■ **Exercise instructions**:
Which lines in the material below contain the word "PDOORS"? Copy each of them.

__________________________________________________

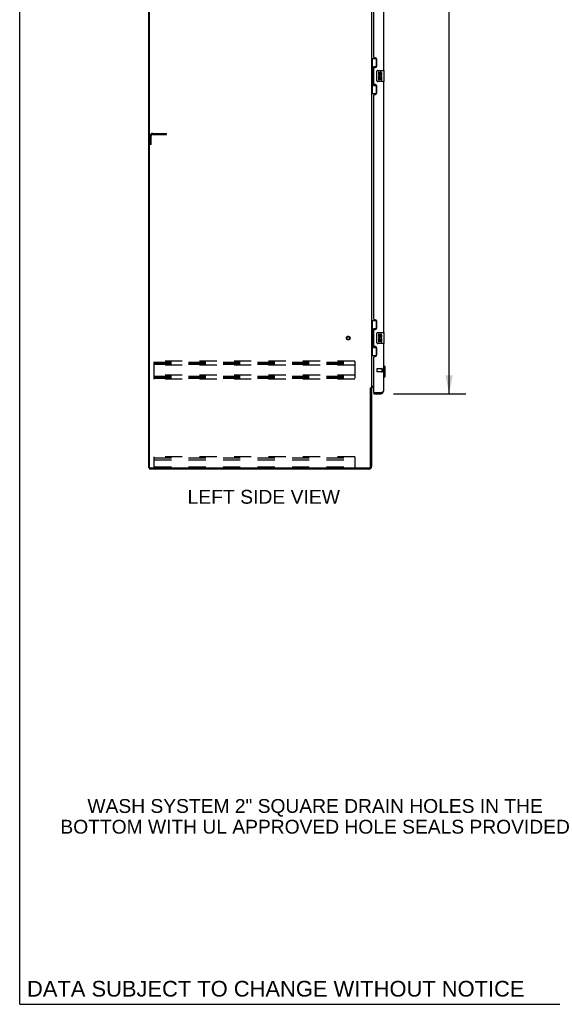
# Model space of a CAD drawing. Header units: inches. Extents: x 0 to 281, y 0 to 182.
# Tile 1 of 20: x 0 to 48, y 0 to 88. Entities that reach past the tile are written whole.
import ezdxf

# ---------------------------------------------------------------- set-up
doc = ezdxf.new("R2010")
doc.units = ezdxf.units.IN
doc.header["$LTSCALE"] = 15.47
doc.header["$MEASUREMENT"] = 0
doc.linetypes.add('HIDDEN', pattern=[0.2, 0.1, -0.1])
doc.layers.get('0').update_dxf_attribs({"linetype": 'CONTINUOUS'})
for name, color, linetype in [('02___PRT_ALL_AXES', 7, 'CONTINUOUS'), ('DEFAULT_2', 8, 'HIDDEN'), ('DIMENSIONS', 7, 'CONTINUOUS')]:
    doc.layers.add(name, color=color, linetype=linetype)
doc.styles.get("Standard").update_dxf_attribs({"font": 'arial.ttf'})
doc.dimstyles.new('DIMSTYLE_1', dxfattribs={"dimtxt": 1.240909, "dimasz": 1.654545, "dimexe": 0.09, "dimexo": 0.07, "dimgap": 0.0375, "dimtad": 0, "dimtih": 1, "dimtoh": 1, "dimzin": 4, "dimdsep": 46, "dimtxsty": 'Standard', "dimblk": '_FILLED', "dimblk1": '_FILLED', "dimblk2": '_FILLED', "dimcen": 0.09, "dimazin": 1, "dimtfac": 1, "dimtdec": 3, "dimtofl": 0, "dimtmove": 0, "dimatfit": 3, "dimldrblk": '_FILLED', "dimfxl": 1, "dimtolj": 1, "dimtzin": 4, "dimarcsym": 0})

# ---------------------------------------------------------------- blocks, each defined once
blk = doc.blocks.new('_FILLED')
at = {"color": 0, "linetype": 'ByBlock'}
blk.add_solid([(0, 0), (-1, 0.2), (-1, -0.2)], dxfattribs=at)
blk = doc.blocks.new('*D21')
at = {"layer": 'DIMENSIONS', "color": 2, "linetype": 'Continuous'}
for p, q in [((33.553, 135.249), (40.022, 135.249)), ((38.533, 135.249), (38.533, 97.298)), ((38.533, 54.749), (38.533, 92.955)), ((33.553, 54.749), (40.022, 54.749))]:
    blk.add_line(p, q, dxfattribs=at)
at = {"layer": 'DIMENSIONS', "color": 2, "linetype": 'Continuous', "xscale": 1.6545454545, "yscale": 1.6545454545, "zscale": 1.6545454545}
for p, rotation in [((38.533, 135.249), 90), ((38.533, 54.749), 270)]:
    blk.add_blockref('_FILLED', p, dxfattribs=dict(at, rotation=rotation))
at = {"layer": 'DIMENSIONS', "color": 2, "linetype": 'Continuous', "insert": (38.533, 96.678), "char_height": 1.2409, "width": 6.34755, "attachment_point": 2, "line_spacing_factor": 0.9}
blk.add_mtext('80.50\\PDOORS', dxfattribs=at)

msp = doc.modelspace()

# ---------------------------------------------------------------- linework, layer by layer
at = {"color": 7, "linetype": 'Continuous'}
for p, q in [((0, 0), (0, 182)), ((11.583, 48.103), (11.583, 137.895)), ((31.583, 84.824), (32.024, 84.824)), ((31.622, 84.824), (31.622, 83.799)), ((31.987, 84.824), (31.987, 84.044)), ((31.987, 84.089), (31.76, 84.089)), ((31.76, 84.089), (31.76, 82.409)), ((31.6, 83.799), (31.723, 83.799)), ((31.6, 83.799), (31.6, 82.699)), ((31.723, 83.829), (31.723, 83.85)), ((31.723, 82.699), (31.723, 83.799)), ((32.046, 82.849), (32.046, 83.649)), ((32.146, 83.749), (32.686, 83.749)), ((32.701, 82.764), (32.701, 83.734)), ((31.6, 82.699), (31.723, 82.699)), ((31.622, 82.699), (31.622, 81.674)), ((31.723, 82.648), (31.723, 82.669)), ((31.76, 82.409), (31.987, 82.409)), ((31.987, 82.454), (31.987, 81.674)), ((32.686, 82.749), (32.146, 82.749)), ((31.583, 81.674), (32.024, 81.674)), ((31.583, 61.324), (32.024, 61.324)), ((31.622, 61.324), (31.622, 60.299)), ((31.987, 61.324), (31.987, 60.544)), ((31.6, 60.299), (31.723, 60.299)), ((31.6, 60.299), (31.6, 59.199)), ((31.723, 60.329), (31.723, 60.35)), ((31.723, 59.199), (31.723, 60.299)), ((31.987, 60.589), (31.76, 60.589)), ((31.76, 60.589), (31.76, 58.909)), ((32.046, 59.349), (32.046, 60.149)), ((32.146, 60.249), (32.686, 60.249)), ((32.701, 59.264), (32.701, 60.234)), ((31.6, 59.199), (31.723, 59.199)), ((31.622, 59.199), (31.622, 58.174)), ((31.723, 59.148), (31.723, 59.169)), ((32.686, 59.249), (32.146, 59.249)), ((31.76, 58.909), (31.987, 58.909)), ((31.987, 58.954), (31.987, 58.174)), ((31.583, 58.174), (32.024, 58.174)), ((32.68, 57.3), (32.641, 57.3)), ((32.799, 57.182), (32.68, 57.3)), ((32.68, 56.198), (32.68, 57.3)), ((32.799, 56.316), (32.799, 57.182)), ((32.68, 56.198), (32.641, 56.198)), ((32.799, 56.316), (32.68, 56.198)), ((31.479, 55.239), (31.583, 55.239)), ((31.787, 54.853), (31.807, 54.853)), ((31.787, 54.853), (31.787, 54.749)), ((32.395, 54.749), (32.395, 54.853)), ((11.583, 48.103), (11.698, 48.103)), ((11.635, 48.103), (11.635, 47.999)), ((0, 0), (281.273, 0))]:
    msp.add_line(p, q, dxfattribs=at)
at = {"color": 3, "linetype": 'Continuous'}
for p, q in [((11.635, 48.165), (11.635, 137.832)), ((31.583, 134.706), (31.583, 55.291)), ((32.641, 106.249), (32.641, 83.749)), ((31.787, 84.956), (31.787, 105.041)), ((31.907, 84.896), (31.847, 84.896)), ((31.787, 82.541), (31.787, 83.956)), ((31.847, 84.016), (31.907, 84.016)), ((32.037, 84.146), (32.037, 84.766)), ((31.907, 82.481), (31.847, 82.481)), ((32.037, 81.731), (32.037, 82.351)), ((32.641, 82.749), (32.641, 60.249)), ((31.787, 61.456), (31.787, 81.541)), ((31.847, 81.601), (31.907, 81.601)), ((31.907, 61.396), (31.847, 61.396)), ((32.037, 60.646), (32.037, 61.266)), ((31.787, 59.041), (31.787, 60.456)), ((31.847, 60.516), (31.907, 60.516)), ((32.641, 59.249), (32.641, 54.995)), ((31.907, 58.981), (31.847, 58.981)), ((32.037, 58.231), (32.037, 58.851)), ((31.787, 54.873), (31.787, 58.041)), ((31.847, 58.101), (31.907, 58.101)), ((31.479, 48.246), (31.479, 55.251)), ((31.583, 55.291), (31.508, 55.291)), ((31.583, 55.447), (31.787, 55.447)), ((31.583, 55.252), (31.583, 48.245)), ((31.787, 55.395), (31.726, 55.395)), ((31.787, 54.749), (32.395, 54.749)), ((31.807, 54.853), (32.395, 54.853)), ((32.395, 54.853), (32.427, 54.865)), ((31.337, 47.999), (11.635, 47.999)), ((11.698, 48.103), (31.336, 48.103))]:
    msp.add_line(p, q, dxfattribs=at)
at = {"color": 7, "linetype": 'Continuous'}
for points in [[(31.76, 84.065), (31.76, 84.062), (31.761, 84.058), (31.762, 84.054), (31.763, 84.05), (31.765, 84.045), (31.767, 84.04), (31.769, 84.034), (31.772, 84.028), (31.775, 84.022), (31.779, 84.015), (31.784, 84.008), (31.788, 84), (31.794, 83.991), (31.796, 83.988)], [(32.046, 83.649), (32.046, 83.655), (32.047, 83.661), (32.048, 83.667), (32.049, 83.673), (32.051, 83.679), (32.053, 83.685)], [(31.796, 82.51), (31.794, 82.506), (31.788, 82.498), (31.784, 82.49), (31.779, 82.483), (31.775, 82.476), (31.772, 82.469), (31.769, 82.463), (31.767, 82.458), (31.765, 82.453), (31.763, 82.448), (31.762, 82.444), (31.761, 82.44), (31.76, 82.436), (31.76, 82.433)], [(32.053, 82.813), (32.051, 82.818), (32.049, 82.824), (32.048, 82.83), (32.047, 82.836), (32.046, 82.843), (32.046, 82.849)], [(31.76, 60.565), (31.76, 60.562), (31.761, 60.558), (31.762, 60.554), (31.763, 60.55), (31.765, 60.545), (31.767, 60.54), (31.769, 60.534), (31.772, 60.528), (31.775, 60.522), (31.779, 60.515), (31.784, 60.508), (31.788, 60.5), (31.794, 60.491), (31.796, 60.488)], [(32.046, 60.149), (32.046, 60.155), (32.047, 60.161), (32.048, 60.167), (32.049, 60.173), (32.051, 60.179), (32.053, 60.185)], [(32.053, 59.313), (32.051, 59.318), (32.049, 59.324), (32.048, 59.33), (32.047, 59.336), (32.046, 59.343), (32.046, 59.349)], [(31.796, 59.01), (31.794, 59.006), (31.788, 58.998), (31.784, 58.99), (31.779, 58.983), (31.775, 58.976), (31.772, 58.969), (31.769, 58.963), (31.767, 58.958), (31.765, 58.953), (31.763, 58.948), (31.762, 58.944), (31.761, 58.94), (31.76, 58.936), (31.76, 58.933)]]:
    msp.add_lwpolyline(points, dxfattribs=at)
at = {"color": 3, "linetype": 'Continuous'}
for points in [[(31.493, 55.273), (31.49, 55.269), (31.489, 55.267), (31.489, 55.265), (31.488, 55.264), (31.487, 55.262), (31.486, 55.26), (31.484, 55.258), (31.483, 55.257), (31.482, 55.255), (31.481, 55.253), (31.479, 55.251)], [(31.508, 55.291), (31.507, 55.29), (31.505, 55.288), (31.503, 55.287), (31.502, 55.285), (31.5, 55.284), (31.499, 55.282), (31.498, 55.281), (31.497, 55.279), (31.496, 55.278), (31.495, 55.277), (31.494, 55.275), (31.493, 55.274), (31.493, 55.273)], [(32.427, 54.865), (32.443, 54.871), (32.458, 54.877), (32.474, 54.883)], [(32.474, 54.883), (32.489, 54.888), (32.504, 54.894), (32.518, 54.9), (32.531, 54.906), (32.545, 54.912), (32.557, 54.918), (32.569, 54.924), (32.58, 54.93), (32.59, 54.936), (32.599, 54.942), (32.608, 54.948), (32.616, 54.954), (32.622, 54.96), (32.628, 54.966), (32.633, 54.972), (32.636, 54.978), (32.639, 54.983), (32.641, 54.989), (32.641, 54.995)]]:
    msp.add_lwpolyline(points, dxfattribs=at)
for centre, radius, start, end in [((31.847, 84.956), 0.06, 180, 270), ((31.907, 84.766), 0.13, 0, 90), ((31.847, 83.956), 0.06, 90, 180), ((31.907, 84.146), 0.13, 270, 360), ((31.847, 82.541), 0.06, 180, 270), ((31.907, 82.351), 0.13, 0, 90), ((31.847, 81.541), 0.06, 90, 180), ((31.907, 81.731), 0.13, 270, 360), ((31.847, 61.456), 0.06, 180, 270), ((31.907, 61.266), 0.13, 0, 90), ((31.847, 60.456), 0.06, 90, 180), ((31.907, 60.646), 0.13, 270, 360), ((31.847, 59.041), 0.06, 180, 270), ((31.907, 58.851), 0.13, 0, 90), ((31.847, 58.041), 0.06, 90, 180), ((31.907, 58.231), 0.13, 270, 360), ((31.726, 55.252), 0.142, 90, 180), ((31.807, 54.873), 0.02, 180, 270), ((32.395, 54.995), 0.246, 270, 360), ((11.698, 48.165), 0.0625, 180, 270), ((31.336, 48.246), 0.143, 270, 360), ((31.337, 48.245), 0.246, 270, 360)]:
    msp.add_arc(centre, radius, start, end, dxfattribs=at)
at = {"color": 7, "linetype": 'Continuous'}
for centre, radius, start, end in [((32.146, 83.649), 0.1, 90, 158.79459), ((32.686, 83.734), 0.015, 0, 90), ((32.146, 82.849), 0.1, 201.20502, 270), ((32.686, 82.764), 0.015, 270, 360), ((32.146, 60.149), 0.1, 90, 158.79459), ((32.686, 60.234), 0.015, 0, 90), ((32.146, 59.349), 0.1, 201.20502, 270), ((32.686, 59.264), 0.015, 270, 360), ((32.395, 54.995), 0.142, 270, 311.33874), ((32.477, 55.139), 0.26, 267.38818, 270)]:
    msp.add_arc(centre, radius, start, end, dxfattribs=at)
for centre, start_param, end_param in [((31.827, 83.839), 0.699287, 1.51401), ((31.827, 83.839), -4.655602, -3.84088), ((31.827, 82.658), 0.699287, 1.51401), ((31.827, 82.658), -4.655602, -3.84088), ((31.827, 60.339), 0.699287, 1.51401), ((31.827, 60.339), -4.655602, -3.84088), ((31.827, 59.158), 0.699287, 1.51401), ((31.827, 59.158), -4.655602, -3.84088)]:
    msp.add_ellipse(centre, major_axis=(0, 0.18), ratio=0.579493, start_param=start_param, end_param=end_param, dxfattribs=at)
at = {"layer": '02___PRT_ALL_AXES', "color": 7, "linetype": 'Continuous'}
for p, q in [((32.247, 83.595), (32.184, 83.595)), ((32.184, 83.595), (32.184, 83.458)), ((32.202, 83.133), (32.184, 83.133)), ((32.184, 83.133), (32.184, 82.903)), ((32.236, 83.133), (32.264, 83.153)), ((32.236, 83.133), (32.498, 83.133)), ((32.247, 83.458), (32.247, 83.595)), ((32.247, 83.071), (32.312, 83.071)), ((32.247, 82.903), (32.247, 83.071)), ((32.312, 83.521), (32.312, 83.452)), ((32.312, 83.071), (32.312, 82.934)), ((32.372, 83.458), (32.372, 83.5)), ((32.372, 83.071), (32.435, 83.071)), ((32.372, 82.934), (32.372, 83.071)), ((32.427, 83.169), (32.485, 83.144)), ((32.435, 83.5), (32.435, 83.364)), ((32.435, 83.364), (32.498, 83.364)), ((32.435, 83.071), (32.435, 82.903)), ((32.498, 83.364), (32.498, 83.5)), ((32.498, 82.903), (32.498, 83.133)), ((32.184, 82.903), (32.247, 82.903)), ((32.312, 82.934), (32.372, 82.934)), ((32.435, 82.903), (32.498, 82.903)), ((32.247, 60.095), (32.184, 60.095)), ((32.184, 60.095), (32.184, 59.958)), ((32.247, 59.958), (32.247, 60.095)), ((32.202, 59.633), (32.184, 59.633)), ((32.184, 59.633), (32.184, 59.403)), ((32.184, 59.403), (32.247, 59.403)), ((32.236, 59.633), (32.264, 59.653)), ((32.236, 59.633), (32.498, 59.633)), ((32.247, 59.571), (32.312, 59.571)), ((32.247, 59.403), (32.247, 59.571)), ((32.312, 60.021), (32.312, 59.952)), ((32.312, 59.571), (32.312, 59.434)), ((32.312, 59.434), (32.372, 59.434)), ((32.372, 59.958), (32.372, 60)), ((32.372, 59.571), (32.435, 59.571)), ((32.372, 59.434), (32.372, 59.571)), ((32.427, 59.669), (32.485, 59.644)), ((32.435, 60), (32.435, 59.864)), ((32.435, 59.864), (32.498, 59.864)), ((32.435, 59.571), (32.435, 59.403)), ((32.435, 59.403), (32.498, 59.403)), ((32.498, 59.864), (32.498, 60)), ((32.498, 59.403), (32.498, 59.633))]:
    msp.add_line(p, q, dxfattribs=at)
at = {"layer": '02___PRT_ALL_AXES', "color": 8, "linetype": 'HIDDEN'}
for p, q in [((32.494, 56.977), (32.047, 56.977)), ((32.494, 56.729), (32.047, 56.729)), ((32.494, 56.977), (32.494, 56.729))]:
    msp.add_line(p, q, dxfattribs=at)
msp.add_circle((29.479, 59.749), 0.124, dxfattribs=at)
at = {"layer": '02___PRT_ALL_AXES', "color": 7, "linetype": 'Continuous'}
for centre, radius, start, end in [((32.338, 83.207), 0.154, 161.41988, 206.19629), ((32.278, 83.458), 0.0943, 180, 360), ((32.341, 83.207), 0.157, 336.59665, 161.87913), ((32.341, 83.207), 0.157, 205.73705, 207.8532), ((32.278, 83.458), 0.0314, 180, 261.22946), ((32.341, 83.207), 0.0943, 336.59665, 215.11217), ((32.277, 83.463), 0.0362, 263.42855, 341.76278), ((32.404, 83.5), 0.0943, 68.69989, 167.43379), ((32.404, 83.5), 0.0314, 0, 180.04847), ((32.404, 83.5), 0.0943, 0, 68.67039), ((32.404, 60), 0.0943, 68.69989, 167.43379), ((32.404, 60), 0.0943, 0, 68.67039), ((32.338, 59.707), 0.154, 161.41988, 206.19629), ((32.278, 59.958), 0.0943, 180, 360), ((32.341, 59.707), 0.157, 336.59665, 161.87913), ((32.341, 59.707), 0.157, 205.73705, 207.8532), ((32.278, 59.958), 0.0314, 180, 261.22946), ((32.341, 59.707), 0.0943, 336.59665, 215.11217), ((32.277, 59.963), 0.0362, 263.42855, 341.76278), ((32.404, 60), 0.0314, 0, 180.04847)]:
    msp.add_arc(centre, radius, start, end, dxfattribs=at)
at = {"layer": 'DEFAULT_2', "color": 8, "linetype": 'HIDDEN'}
for p, q in [((11.687, 77.103), (11.687, 77.856)), ((11.791, 77.103), (11.791, 77.856)), ((11.934, 78.103), (13.187, 78.103)), ((11.934, 77.999), (13.187, 77.999)), ((13.187, 77.999), (13.187, 78.103)), ((11.791, 77.103), (11.687, 77.103)), ((30.062, 57.686), (12.062, 57.686)), ((12.062, 56.061), (12.062, 57.686)), ((12.062, 57.582), (30.062, 57.582)), ((12.062, 57.492), (30.062, 57.492)), ((12.062, 57.415), (30.062, 57.415)), ((30.062, 57.686), (30.062, 56.061)), ((30.062, 57.311), (12.062, 57.311)), ((32.037, 56.967), (32.037, 56.739)), ((32.494, 56.995), (32.494, 56.711)), ((32.537, 56.995), (32.537, 56.711)), ((30.062, 56.436), (12.062, 56.436)), ((12.062, 56.332), (30.062, 56.332)), ((12.062, 56.242), (30.062, 56.242)), ((12.062, 56.165), (30.062, 56.165)), ((30.062, 56.061), (12.062, 56.061)), ((30.062, 49.103), (12.062, 49.103)), ((12.062, 48.103), (12.062, 49.103)), ((12.062, 48.999), (30.062, 48.999)), ((12.062, 48.998), (30.062, 48.998)), ((12.062, 48.822), (30.062, 48.822)), ((30.062, 49.103), (30.062, 48.103)), ((12.062, 48.207), (30.062, 48.207))]:
    msp.add_line(p, q, dxfattribs=at)
for radius in [0.164, 0.124]:
    msp.add_circle((29.479, 59.749), radius, dxfattribs=at)
for centre, radius, start, end in [((11.934, 77.856), 0.246, 90, 180), ((11.934, 77.856), 0.142, 90, 180), ((32.047, 56.967), 0.01, 90, 180), ((32.047, 56.739), 0.01, 180, 270), ((32.516, 56.995), 0.0215, 0, 180), ((32.516, 56.711), 0.0215, 180, 360)]:
    msp.add_arc(centre, radius, start, end, dxfattribs=at)

# ---------------------------------------------------------------- texts
at = {"layer": 'DIMENSIONS', "color": 2, "linetype": 'Continuous', "attachment_point": 2, "line_spacing_factor": 0.9}
for s, insert, char_height, width in [('LEFT SIDE VIEW', (21.904, 46.134), 1.24091, 13.64539), ('WASH SYSTEM 2" SQUARE DRAIN HOLES IN THE\\PBOTTOM WITH UL APPROVED HOLE SEALS PROVIDED', (26.624, 18.408), 1.24091, 45.85367), ('DATA SUBJECT TO CHANGE WITHOUT NOTICE', (22.978, 2.1), 1.40636, 44.55402)]:
    msp.add_mtext(s, dxfattribs=dict(at, insert=insert, char_height=char_height, width=width))

# ---------------------------------------------------------------- dimensions: what is measured, and where the dimension line sits
at = {"layer": 'DIMENSIONS', "color": 2, "linetype": 'Continuous'}
dim = msp.add_linear_dim(base=(38.533, 54.749), p1=(33.483, 135.249), p2=(33.483, 54.749), angle=270, text='<>\\PDOORS', dimstyle='DIMSTYLE_1', dxfattribs=at)
dim.commit()
dim.dimension.update_dxf_attribs({"geometry": '*D21', "text_midpoint": (38.533, 95.127), "dimtype": 160})

doc.saveas('drawing.dxf')

__________________________________________________

■ **Solution below**:
blk.add_mtext('80.50\\PDOORS', dxfattribs=at)
dim = msp.add_linear_dim(base=(38.533, 54.749), p1=(33.483, 135.249), p2=(33.483, 54.749), angle=270, text='<>\\PDOORS', dimstyle='DIMSTYLE_1', dxfattribs=at)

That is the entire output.